- Opening Delimiter -

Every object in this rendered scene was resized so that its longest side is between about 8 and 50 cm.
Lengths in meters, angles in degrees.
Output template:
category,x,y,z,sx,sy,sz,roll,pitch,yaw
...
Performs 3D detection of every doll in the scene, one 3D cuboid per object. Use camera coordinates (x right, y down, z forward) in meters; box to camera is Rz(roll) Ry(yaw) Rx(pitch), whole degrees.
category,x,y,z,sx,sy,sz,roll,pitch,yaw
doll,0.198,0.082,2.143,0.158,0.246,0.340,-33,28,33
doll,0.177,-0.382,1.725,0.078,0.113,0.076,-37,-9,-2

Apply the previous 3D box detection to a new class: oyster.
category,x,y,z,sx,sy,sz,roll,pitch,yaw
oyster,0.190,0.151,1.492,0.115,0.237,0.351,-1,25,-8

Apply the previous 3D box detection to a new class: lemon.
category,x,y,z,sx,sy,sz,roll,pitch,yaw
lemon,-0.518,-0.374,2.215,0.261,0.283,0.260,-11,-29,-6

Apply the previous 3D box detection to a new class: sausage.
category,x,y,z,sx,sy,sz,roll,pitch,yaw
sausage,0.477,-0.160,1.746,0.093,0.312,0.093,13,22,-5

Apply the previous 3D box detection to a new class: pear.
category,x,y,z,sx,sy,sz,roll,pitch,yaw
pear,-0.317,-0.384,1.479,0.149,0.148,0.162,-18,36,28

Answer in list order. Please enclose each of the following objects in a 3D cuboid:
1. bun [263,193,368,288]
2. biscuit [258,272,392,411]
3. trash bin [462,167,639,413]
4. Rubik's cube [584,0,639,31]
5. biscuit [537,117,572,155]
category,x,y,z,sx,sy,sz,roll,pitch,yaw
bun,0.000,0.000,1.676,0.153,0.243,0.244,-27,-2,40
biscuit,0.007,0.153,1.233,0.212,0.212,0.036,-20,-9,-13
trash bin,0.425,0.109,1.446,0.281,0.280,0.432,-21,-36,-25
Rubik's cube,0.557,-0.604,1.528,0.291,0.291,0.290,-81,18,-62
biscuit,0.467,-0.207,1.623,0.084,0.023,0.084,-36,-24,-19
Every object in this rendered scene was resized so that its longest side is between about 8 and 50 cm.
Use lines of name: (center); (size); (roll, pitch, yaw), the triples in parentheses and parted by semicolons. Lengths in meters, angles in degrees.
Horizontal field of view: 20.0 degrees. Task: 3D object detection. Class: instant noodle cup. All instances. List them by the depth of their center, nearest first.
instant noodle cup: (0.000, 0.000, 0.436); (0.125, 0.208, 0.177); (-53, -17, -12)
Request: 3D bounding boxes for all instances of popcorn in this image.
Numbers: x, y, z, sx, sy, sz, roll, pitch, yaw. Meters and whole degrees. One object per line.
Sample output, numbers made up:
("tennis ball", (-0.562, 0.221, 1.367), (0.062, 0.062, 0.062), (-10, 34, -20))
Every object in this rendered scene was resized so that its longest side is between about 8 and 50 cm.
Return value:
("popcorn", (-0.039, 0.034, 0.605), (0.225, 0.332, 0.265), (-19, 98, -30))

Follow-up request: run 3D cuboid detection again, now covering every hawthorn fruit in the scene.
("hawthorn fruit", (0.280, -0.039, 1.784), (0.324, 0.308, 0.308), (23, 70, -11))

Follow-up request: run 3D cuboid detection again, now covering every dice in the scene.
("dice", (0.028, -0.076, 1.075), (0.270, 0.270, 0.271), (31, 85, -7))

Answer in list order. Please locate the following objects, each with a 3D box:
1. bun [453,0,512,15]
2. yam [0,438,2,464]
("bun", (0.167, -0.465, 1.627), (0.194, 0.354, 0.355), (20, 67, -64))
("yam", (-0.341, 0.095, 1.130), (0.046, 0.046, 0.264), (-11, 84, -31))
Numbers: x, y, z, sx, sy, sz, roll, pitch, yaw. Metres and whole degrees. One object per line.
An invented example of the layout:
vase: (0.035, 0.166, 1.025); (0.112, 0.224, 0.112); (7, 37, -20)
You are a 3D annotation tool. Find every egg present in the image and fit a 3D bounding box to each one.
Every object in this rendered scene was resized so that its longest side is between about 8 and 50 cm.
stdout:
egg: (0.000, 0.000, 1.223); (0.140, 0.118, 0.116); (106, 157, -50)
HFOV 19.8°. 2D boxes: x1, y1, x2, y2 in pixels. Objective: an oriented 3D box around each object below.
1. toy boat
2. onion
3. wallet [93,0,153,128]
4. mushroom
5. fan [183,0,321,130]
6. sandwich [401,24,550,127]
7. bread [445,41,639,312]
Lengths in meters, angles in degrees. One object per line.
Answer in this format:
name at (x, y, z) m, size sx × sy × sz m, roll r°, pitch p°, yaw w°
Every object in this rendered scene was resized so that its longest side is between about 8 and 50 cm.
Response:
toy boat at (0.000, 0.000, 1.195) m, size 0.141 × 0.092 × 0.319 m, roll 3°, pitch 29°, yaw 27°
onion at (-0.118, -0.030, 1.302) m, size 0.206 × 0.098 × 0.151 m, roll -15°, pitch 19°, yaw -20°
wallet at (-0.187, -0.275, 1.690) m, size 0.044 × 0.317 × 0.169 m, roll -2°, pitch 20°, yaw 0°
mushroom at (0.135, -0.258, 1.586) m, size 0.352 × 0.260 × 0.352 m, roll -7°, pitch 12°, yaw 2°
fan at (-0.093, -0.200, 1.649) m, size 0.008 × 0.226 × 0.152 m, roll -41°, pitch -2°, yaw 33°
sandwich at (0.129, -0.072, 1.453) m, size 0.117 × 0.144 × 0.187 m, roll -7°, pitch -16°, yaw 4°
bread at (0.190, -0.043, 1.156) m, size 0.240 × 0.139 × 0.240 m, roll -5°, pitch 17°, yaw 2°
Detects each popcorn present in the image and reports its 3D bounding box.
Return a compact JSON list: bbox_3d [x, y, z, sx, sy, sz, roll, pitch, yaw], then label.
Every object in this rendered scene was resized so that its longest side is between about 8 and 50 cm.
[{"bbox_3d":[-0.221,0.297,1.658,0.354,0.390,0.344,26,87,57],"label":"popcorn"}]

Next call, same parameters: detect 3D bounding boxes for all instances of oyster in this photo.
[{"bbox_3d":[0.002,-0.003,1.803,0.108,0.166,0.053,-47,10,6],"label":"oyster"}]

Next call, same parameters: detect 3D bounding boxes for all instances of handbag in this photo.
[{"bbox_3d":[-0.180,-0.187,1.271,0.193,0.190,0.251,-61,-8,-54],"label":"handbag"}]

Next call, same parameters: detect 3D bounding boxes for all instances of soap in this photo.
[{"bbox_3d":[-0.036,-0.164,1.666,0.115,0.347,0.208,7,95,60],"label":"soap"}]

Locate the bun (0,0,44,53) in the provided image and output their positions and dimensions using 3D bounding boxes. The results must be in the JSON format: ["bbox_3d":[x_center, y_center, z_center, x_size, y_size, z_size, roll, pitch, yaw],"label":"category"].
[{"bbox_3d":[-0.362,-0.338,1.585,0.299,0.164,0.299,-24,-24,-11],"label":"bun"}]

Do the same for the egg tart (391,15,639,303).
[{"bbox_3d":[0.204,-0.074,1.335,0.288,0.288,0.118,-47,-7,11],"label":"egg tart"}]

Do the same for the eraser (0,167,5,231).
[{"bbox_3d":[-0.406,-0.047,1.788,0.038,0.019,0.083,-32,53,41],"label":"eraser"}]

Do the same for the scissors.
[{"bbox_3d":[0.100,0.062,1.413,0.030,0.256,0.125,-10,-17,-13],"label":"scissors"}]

- Closing Delimiter -

Task to carry out
Output the listing exactly. Leave no line out.

Response
Every object in this rendered scene was resized so that its longest side is between about 8 and 50 cm.
Lengths in meters, angles in degrees.
Output template:
category,x,y,z,sx,sy,sz,roll,pitch,yaw
...
Performs 3D detection of every doll in the scene, one 3D cuboid per object. Use camera coordinates (x right, y down, z forward) in meters; box to camera is Rz(roll) Ry(yaw) Rx(pitch), whole degrees.
category,x,y,z,sx,sy,sz,roll,pitch,yaw
doll,0.198,0.082,2.143,0.158,0.246,0.340,-33,28,33
doll,0.177,-0.382,1.725,0.078,0.113,0.076,-37,-9,-2

Apply the previous 3D box detection to a new class: oyster.
category,x,y,z,sx,sy,sz,roll,pitch,yaw
oyster,0.190,0.151,1.492,0.115,0.237,0.351,-1,25,-8

Apply the previous 3D box detection to a new class: lemon.
category,x,y,z,sx,sy,sz,roll,pitch,yaw
lemon,-0.518,-0.374,2.215,0.261,0.283,0.260,-11,-29,-6

Apply the previous 3D box detection to a new class: sausage.
category,x,y,z,sx,sy,sz,roll,pitch,yaw
sausage,0.477,-0.160,1.746,0.093,0.312,0.093,13,22,-5

Apply the previous 3D box detection to a new class: pear.
category,x,y,z,sx,sy,sz,roll,pitch,yaw
pear,-0.317,-0.384,1.479,0.149,0.148,0.162,-18,36,28

Answer in list order. Please enclose each of the following objects in a 3D cuboid:
1. bun [263,193,368,288]
2. biscuit [258,272,392,411]
3. trash bin [462,167,639,413]
4. Rubik's cube [584,0,639,31]
5. biscuit [537,117,572,155]
category,x,y,z,sx,sy,sz,roll,pitch,yaw
bun,0.000,0.000,1.676,0.153,0.243,0.244,-27,-2,40
biscuit,0.007,0.153,1.233,0.212,0.212,0.036,-20,-9,-13
trash bin,0.425,0.109,1.446,0.281,0.280,0.432,-21,-36,-25
Rubik's cube,0.557,-0.604,1.528,0.291,0.291,0.290,-81,18,-62
biscuit,0.467,-0.207,1.623,0.084,0.023,0.084,-36,-24,-19
Every object in this rendered scene was resized so that its longest side is between about 8 and 50 cm.
Use lines of name: (center); (size); (roll, pitch, yaw), the triples in parentheses and parted by semicolons. Lengths in meters, angles in degrees.
Horizontal field of view: 20.0 degrees. Task: 3D object detection. Class: instant noodle cup. All instances. List them by the depth of their center, nearest first.
instant noodle cup: (0.000, 0.000, 0.436); (0.125, 0.208, 0.177); (-53, -17, -12)
Request: 3D bounding boxes for all instances of popcorn in this image.
Numbers: x, y, z, sx, sy, sz, roll, pitch, yaw. Meters and whole degrees. One object per line.
Sample output, numbers made up:
("tennis ball", (-0.562, 0.221, 1.367), (0.062, 0.062, 0.062), (-10, 34, -20))
Every object in this rendered scene was resized so that its longest side is between about 8 and 50 cm.
Return value:
("popcorn", (-0.039, 0.034, 0.605), (0.225, 0.332, 0.265), (-19, 98, -30))

Follow-up request: run 3D cuboid detection again, now covering every hawthorn fruit in the scene.
("hawthorn fruit", (0.280, -0.039, 1.784), (0.324, 0.308, 0.308), (23, 70, -11))

Follow-up request: run 3D cuboid detection again, now covering every dice in the scene.
("dice", (0.028, -0.076, 1.075), (0.270, 0.270, 0.271), (31, 85, -7))

Answer in list order. Please locate the following objects, each with a 3D box:
1. bun [453,0,512,15]
2. yam [0,438,2,464]
("bun", (0.167, -0.465, 1.627), (0.194, 0.354, 0.355), (20, 67, -64))
("yam", (-0.341, 0.095, 1.130), (0.046, 0.046, 0.264), (-11, 84, -31))
Numbers: x, y, z, sx, sy, sz, roll, pitch, yaw. Metres and whole degrees. One object per line.
An invented example of the layout:
vase: (0.035, 0.166, 1.025); (0.112, 0.224, 0.112); (7, 37, -20)
You are a 3D annotation tool. Find every egg present in the image and fit a 3D bounding box to each one.
Every object in this rendered scene was resized so that its longest side is between about 8 and 50 cm.
stdout:
egg: (0.000, 0.000, 1.223); (0.140, 0.118, 0.116); (106, 157, -50)
HFOV 19.8°. 2D boxes: x1, y1, x2, y2 in pixels. Objective: an oriented 3D box around each object below.
1. toy boat
2. onion
3. wallet [93,0,153,128]
4. mushroom
5. fan [183,0,321,130]
6. sandwich [401,24,550,127]
7. bread [445,41,639,312]
Lengths in meters, angles in degrees. One object per line.
Answer in this format:
name at (x, y, z) m, size sx × sy × sz m, roll r°, pitch p°, yaw w°
Every object in this rendered scene was resized so that its longest side is between about 8 and 50 cm.
Response:
toy boat at (0.000, 0.000, 1.195) m, size 0.141 × 0.092 × 0.319 m, roll 3°, pitch 29°, yaw 27°
onion at (-0.118, -0.030, 1.302) m, size 0.206 × 0.098 × 0.151 m, roll -15°, pitch 19°, yaw -20°
wallet at (-0.187, -0.275, 1.690) m, size 0.044 × 0.317 × 0.169 m, roll -2°, pitch 20°, yaw 0°
mushroom at (0.135, -0.258, 1.586) m, size 0.352 × 0.260 × 0.352 m, roll -7°, pitch 12°, yaw 2°
fan at (-0.093, -0.200, 1.649) m, size 0.008 × 0.226 × 0.152 m, roll -41°, pitch -2°, yaw 33°
sandwich at (0.129, -0.072, 1.453) m, size 0.117 × 0.144 × 0.187 m, roll -7°, pitch -16°, yaw 4°
bread at (0.190, -0.043, 1.156) m, size 0.240 × 0.139 × 0.240 m, roll -5°, pitch 17°, yaw 2°
Detects each popcorn present in the image and reports its 3D bounding box.
Return a compact JSON list: bbox_3d [x, y, z, sx, sy, sz, roll, pitch, yaw], then label.
Every object in this rendered scene was resized so that its longest side is between about 8 and 50 cm.
[{"bbox_3d":[-0.221,0.297,1.658,0.354,0.390,0.344,26,87,57],"label":"popcorn"}]

Next call, same parameters: detect 3D bounding boxes for all instances of oyster in this photo.
[{"bbox_3d":[0.002,-0.003,1.803,0.108,0.166,0.053,-47,10,6],"label":"oyster"}]

Next call, same parameters: detect 3D bounding boxes for all instances of handbag in this photo.
[{"bbox_3d":[-0.180,-0.187,1.271,0.193,0.190,0.251,-61,-8,-54],"label":"handbag"}]

Next call, same parameters: detect 3D bounding boxes for all instances of soap in this photo.
[{"bbox_3d":[-0.036,-0.164,1.666,0.115,0.347,0.208,7,95,60],"label":"soap"}]

Locate the bun (0,0,44,53) in the provided image and output their positions and dimensions using 3D bounding boxes. The results must be in the JSON format: ["bbox_3d":[x_center, y_center, z_center, x_size, y_size, z_size, roll, pitch, yaw],"label":"category"].
[{"bbox_3d":[-0.362,-0.338,1.585,0.299,0.164,0.299,-24,-24,-11],"label":"bun"}]

Do the same for the egg tart (391,15,639,303).
[{"bbox_3d":[0.204,-0.074,1.335,0.288,0.288,0.118,-47,-7,11],"label":"egg tart"}]

Do the same for the eraser (0,167,5,231).
[{"bbox_3d":[-0.406,-0.047,1.788,0.038,0.019,0.083,-32,53,41],"label":"eraser"}]

Do the same for the scissors.
[{"bbox_3d":[0.100,0.062,1.413,0.030,0.256,0.125,-10,-17,-13],"label":"scissors"}]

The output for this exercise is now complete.